B. Sebab-sebab Memperoleh Warisan
1. Rukun Waris
Rukun waris ada 3:
a. Al-muwaris, orang yang diwarisi harta peninggalan atau orang yang mewariskan hertanya.
b. Al-waris/ahli waris, orang yang
dinyatakan mempunyai hubungan kekerabatan.

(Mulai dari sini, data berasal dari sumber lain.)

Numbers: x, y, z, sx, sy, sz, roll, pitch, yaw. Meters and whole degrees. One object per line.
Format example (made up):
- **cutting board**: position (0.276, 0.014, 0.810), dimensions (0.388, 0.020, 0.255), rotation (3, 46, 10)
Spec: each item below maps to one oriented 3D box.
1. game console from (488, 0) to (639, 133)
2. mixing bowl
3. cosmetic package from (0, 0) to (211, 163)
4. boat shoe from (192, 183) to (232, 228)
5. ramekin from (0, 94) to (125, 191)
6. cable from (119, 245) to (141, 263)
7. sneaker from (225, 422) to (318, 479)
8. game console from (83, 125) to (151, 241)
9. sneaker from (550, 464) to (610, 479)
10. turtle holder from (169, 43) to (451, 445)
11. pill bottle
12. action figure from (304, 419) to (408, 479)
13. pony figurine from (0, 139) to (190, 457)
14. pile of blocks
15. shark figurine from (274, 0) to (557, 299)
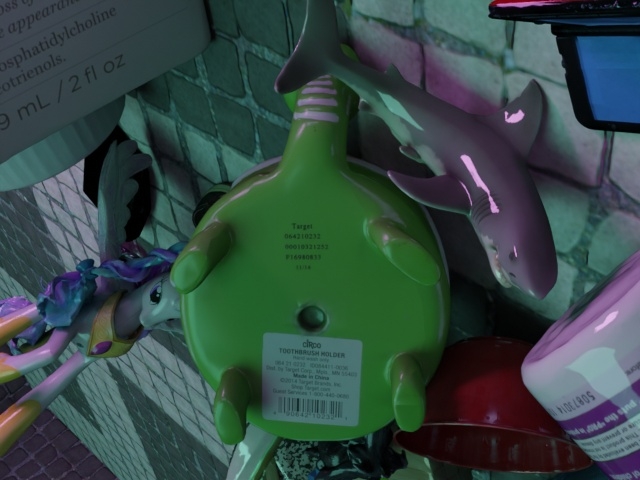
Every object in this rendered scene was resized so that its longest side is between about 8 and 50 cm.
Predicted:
- **game console**: position (0.190, -0.104, 0.508), dimensions (0.144, 0.124, 0.085), rotation (14, 107, 48)
- **mixing bowl**: position (0.163, 0.150, 0.780), dimensions (0.181, 0.098, 0.181), rotation (7, 154, 4)
- **cosmetic package**: position (-0.359, -0.333, 0.790), dimensions (0.327, 0.329, 0.394), rotation (31, 145, 35)
- **boat shoe**: position (-0.117, -0.023, 1.050), dimensions (0.223, 0.073, 0.080), rotation (0, 126, 57)
- **ramekin**: position (-0.388, -0.189, 1.066), dimensions (0.277, 0.277, 0.135), rotation (26, 150, 40)
- **cable**: position (-0.339, 0.067, 1.518), dimensions (0.150, 0.047, 0.185), rotation (43, 153, 26)
- **sneaker**: position (-0.072, 0.432, 1.262), dimensions (0.182, 0.158, 0.411), rotation (25, 101, 17)
- **game console**: position (-0.393, -0.171, 1.320), dimensions (0.361, 0.044, 0.213), rotation (48, 151, 9)
- **sneaker**: position (0.294, 0.323, 0.795), dimensions (0.208, 0.127, 0.319), rotation (45, 160, 16)
- **turtle holder**: position (-0.014, 0.013, 0.766), dimensions (0.320, 0.243, 0.227), rotation (61, -165, -14)
- **pill bottle**: position (0.293, 0.146, 0.546), dimensions (0.301, 0.169, 0.169), rotation (48, 151, 9)
- **action figure**: position (0.046, 0.178, 0.916), dimensions (0.164, 0.140, 0.276), rotation (-59, 31, 23)
- **pony figurine**: position (-0.271, 0.077, 1.091), dimensions (0.303, 0.363, 0.351), rotation (57, -171, -25)
- **pile of blocks**: position (0.083, 0.309, 1.098), dimensions (0.149, 0.112, 0.362), rotation (60, 141, 13)
- **shark figurine**: position (0.103, -0.093, 0.635), dimensions (0.278, 0.166, 0.116), rotation (46, 117, 10)
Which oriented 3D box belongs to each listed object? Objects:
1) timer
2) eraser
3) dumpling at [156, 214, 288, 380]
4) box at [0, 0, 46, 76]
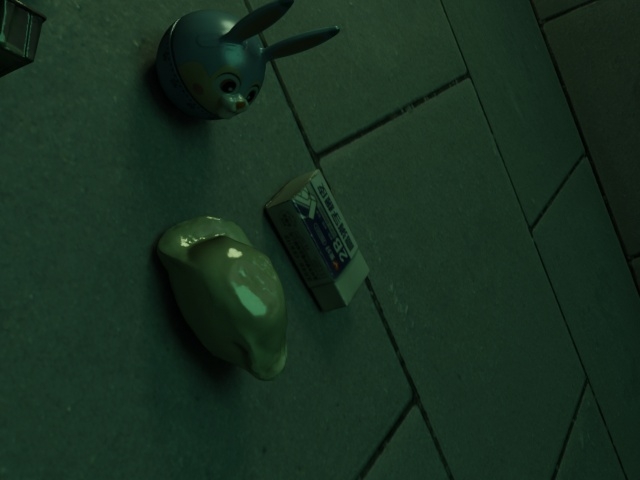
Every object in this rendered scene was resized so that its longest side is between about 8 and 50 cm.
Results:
[{"bbox_3d":[-0.119,-0.247,1.136,0.175,0.255,0.175,-19,114,-52],"label":"timer"},{"bbox_3d":[0.000,0.000,1.350,0.210,0.068,0.124,62,33,-17],"label":"eraser"},{"bbox_3d":[-0.116,0.075,1.083,0.162,0.132,0.250,-31,86,-48],"label":"dumpling"},{"bbox_3d":[-0.359,-0.227,0.900,0.060,0.084,0.063,26,59,-50],"label":"box"}]
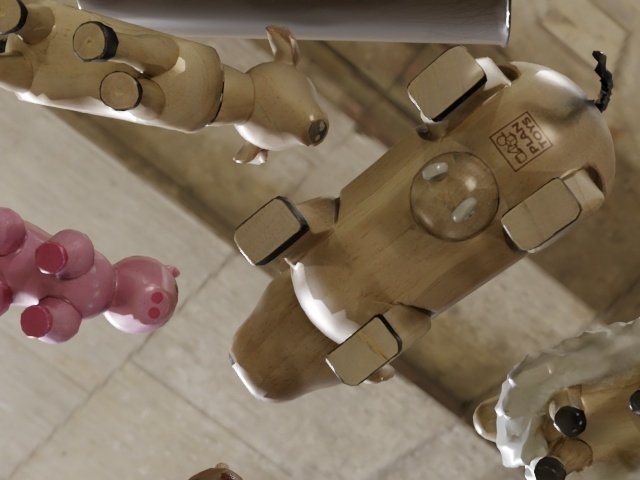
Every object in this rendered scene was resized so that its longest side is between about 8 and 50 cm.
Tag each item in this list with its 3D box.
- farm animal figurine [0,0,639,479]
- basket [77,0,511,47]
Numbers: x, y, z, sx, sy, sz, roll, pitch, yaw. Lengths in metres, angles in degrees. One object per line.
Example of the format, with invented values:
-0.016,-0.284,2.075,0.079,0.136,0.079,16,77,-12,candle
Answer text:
0.000,0.000,0.649,0.327,0.330,0.172,-21,-3,16,farm animal figurine
-0.023,-0.193,0.733,0.154,0.227,0.204,56,-153,-86,basket
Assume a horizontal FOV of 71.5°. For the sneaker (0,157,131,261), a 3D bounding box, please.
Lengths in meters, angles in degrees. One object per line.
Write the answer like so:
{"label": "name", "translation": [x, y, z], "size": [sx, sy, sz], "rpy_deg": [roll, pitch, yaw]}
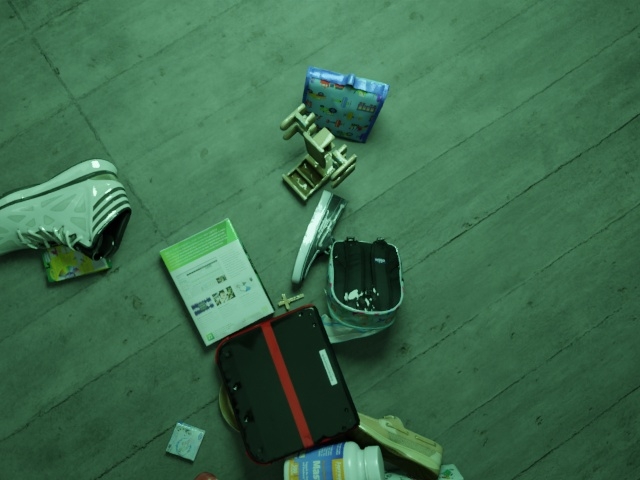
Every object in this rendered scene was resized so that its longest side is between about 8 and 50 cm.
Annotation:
{"label": "sneaker", "translation": [-0.744, -0.025, 1.242], "size": [0.447, 0.169, 0.258], "rpy_deg": [-32, 69, -6]}

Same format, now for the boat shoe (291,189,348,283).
{"label": "boat shoe", "translation": [0.000, 0.000, 1.365], "size": [0.102, 0.108, 0.301], "rpy_deg": [22, 80, -2]}

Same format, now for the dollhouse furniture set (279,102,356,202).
{"label": "dollhouse furniture set", "translation": [-0.029, -0.226, 1.288], "size": [0.161, 0.242, 0.212], "rpy_deg": [-43, 82, -4]}

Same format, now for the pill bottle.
{"label": "pill bottle", "translation": [0.043, 0.670, 1.290], "size": [0.271, 0.152, 0.152], "rpy_deg": [-12, 89, 12]}

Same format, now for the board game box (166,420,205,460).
{"label": "board game box", "translation": [-0.410, 0.611, 1.356], "size": [0.090, 0.020, 0.090], "rpy_deg": [22, 87, -3]}

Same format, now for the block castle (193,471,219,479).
{"label": "block castle", "translation": [-0.342, 0.931, 1.224], "size": [0.303, 0.212, 0.454], "rpy_deg": [-19, 93, -42]}

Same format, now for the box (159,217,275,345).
{"label": "box", "translation": [-0.311, 0.125, 1.360], "size": [0.232, 0.058, 0.322], "rpy_deg": [-26, 92, -4]}

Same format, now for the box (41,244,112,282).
{"label": "box", "translation": [-0.733, 0.057, 1.338], "size": [0.179, 0.043, 0.105], "rpy_deg": [-14, 90, -7]}

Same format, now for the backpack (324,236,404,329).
{"label": "backpack", "translation": [0.124, 0.138, 1.292], "size": [0.225, 0.254, 0.191], "rpy_deg": [4, 133, -4]}

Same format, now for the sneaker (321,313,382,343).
{"label": "sneaker", "translation": [0.114, 0.248, 1.371], "size": [0.228, 0.087, 0.092], "rpy_deg": [-12, 87, -6]}

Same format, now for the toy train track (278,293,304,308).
{"label": "toy train track", "translation": [-0.092, 0.185, 1.394], "size": [0.083, 0.014, 0.048], "rpy_deg": [-19, 83, -10]}

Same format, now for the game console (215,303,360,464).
{"label": "game console", "translation": [-0.106, 0.424, 1.314], "size": [0.341, 0.060, 0.387], "rpy_deg": [-21, 80, -4]}

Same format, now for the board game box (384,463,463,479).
{"label": "board game box", "translation": [0.285, 0.831, 1.362], "size": [0.303, 0.097, 0.224], "rpy_deg": [-4, 90, -3]}

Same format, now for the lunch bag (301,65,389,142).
{"label": "lunch bag", "translation": [0.062, -0.404, 1.281], "size": [0.220, 0.293, 0.138], "rpy_deg": [14, 88, -4]}

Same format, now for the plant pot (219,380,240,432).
{"label": "plant pot", "translation": [-0.191, 0.478, 1.370], "size": [0.236, 0.032, 0.237], "rpy_deg": [0, 88, -4]}

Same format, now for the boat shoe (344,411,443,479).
{"label": "boat shoe", "translation": [0.207, 0.601, 1.362], "size": [0.341, 0.122, 0.110], "rpy_deg": [28, 46, 7]}
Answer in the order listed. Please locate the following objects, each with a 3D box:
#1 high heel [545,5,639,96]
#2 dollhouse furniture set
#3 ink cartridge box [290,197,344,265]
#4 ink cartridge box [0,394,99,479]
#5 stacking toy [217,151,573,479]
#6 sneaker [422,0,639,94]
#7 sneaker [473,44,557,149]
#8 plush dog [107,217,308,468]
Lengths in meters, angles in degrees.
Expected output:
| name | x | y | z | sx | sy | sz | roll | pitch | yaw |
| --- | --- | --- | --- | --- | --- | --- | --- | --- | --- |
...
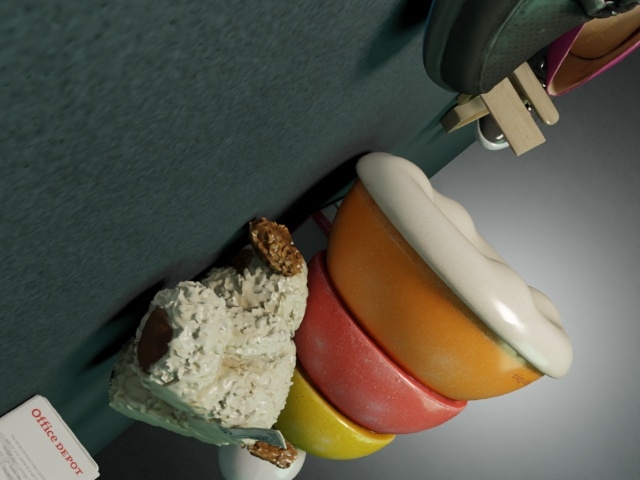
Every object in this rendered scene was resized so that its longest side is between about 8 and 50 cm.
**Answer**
| name | x | y | z | sx | sy | sz | roll | pitch | yaw |
| --- | --- | --- | --- | --- | --- | --- | --- | --- | --- |
| high heel | 0.418 | -0.301 | 0.804 | 0.181 | 0.127 | 0.377 | -61 | -178 | -9 |
| dollhouse furniture set | 0.281 | -0.181 | 1.000 | 0.144 | 0.123 | 0.151 | -27 | 174 | -23 |
| ink cartridge box | 0.000 | 0.000 | 0.984 | 0.109 | 0.063 | 0.150 | -43 | 174 | 29 |
| ink cartridge box | -0.288 | 0.221 | 0.581 | 0.135 | 0.099 | 0.056 | -34 | 172 | -49 |
| stacking toy | 0.033 | 0.157 | 0.828 | 0.480 | 0.350 | 0.350 | -44 | 175 | 12 |
| sneaker | 0.193 | -0.178 | 0.336 | 0.341 | 0.140 | 0.125 | -42 | 177 | 40 |
| sneaker | 0.381 | -0.284 | 1.116 | 0.296 | 0.104 | 0.147 | -45 | 175 | -15 |
| plush dog | -0.082 | 0.097 | 0.693 | 0.262 | 0.210 | 0.225 | -43 | -159 | 57 |

c. Al-maurus atau al-miras, harta
peninggalan si mati.
2. Sebab-sebab Memperoleh Warisan.
Dalam ketentuan Islam, sebab-sebab untuk dapat menerima
warisan ada tiga:
a. Hubungan kekerabatan
b. Hubungan perkawinan
c. Hubungan karena sebab memerdekakan budak
atau hamba sahaya.
C. Syarat-syarat Pewarisan
Syarat-syarat pewarisan ada tiga, yaitu:
1. Seseorang meninggal secara hakiki atau
secara hokum
2. Ahli waris secara pasti masih hidup
ketika pewaris meninggal
3. Mengetahui golongan ahli waris.
D. Macam-macam Penghalang Mendapat Warisan
1. Pembunuhan
Pembunuhan yang dilakukan ahli waris terhadap al-mawaris, menyebabkannya tidak dapat mewarisi harta peninggalan orang yang diwarisinya. Adapun dasar hukum yang melarang ahli waris yang membunuh untuk mewarisi harta peninggalan si mati adalah sabda Rasulullah saw:
قاَلَ رَسُوْلُ اللهِ صَلَى الله عَلَيْهِ وَسَلَّمَ مَنْ قَتَلَ قَتِيْلاً فَإِنَّهُ لاَيَرِثُهُ وَاِنْ لَمْ يَكُنْ لَهُ وَارِثٌ غَيْرُ وَاِنْ كَانَ لَهُ وَالِدُهُ اَوْ وَلَدَهُ فَلَيْسَ لِقَاتِلٍ مِيْرَاثٌ (روه أحمد)
Rasulullah saw bersabda: “Barangsiapa membunuh seorang kurban, maka sesungguhnya ia tidak dapat mewarisinya, walaupun koraban tidak mempunyai ahli waris selain dirinya sendiri, (begitu juga) walaupun korban itu adalah orang tuanya atau anaknya sendiri, maka bagi pembunuh tidak berhak menerima warisan.”
قاَلَ رَسُوْلُ اللهِ صَلَى اللهُ عَلَيْهِ وَسَلَّمَ لَيْسَ لِقَاتِلٍ مِنَ المِيْرَاثِ شَيْىءٌ (روه النسائى)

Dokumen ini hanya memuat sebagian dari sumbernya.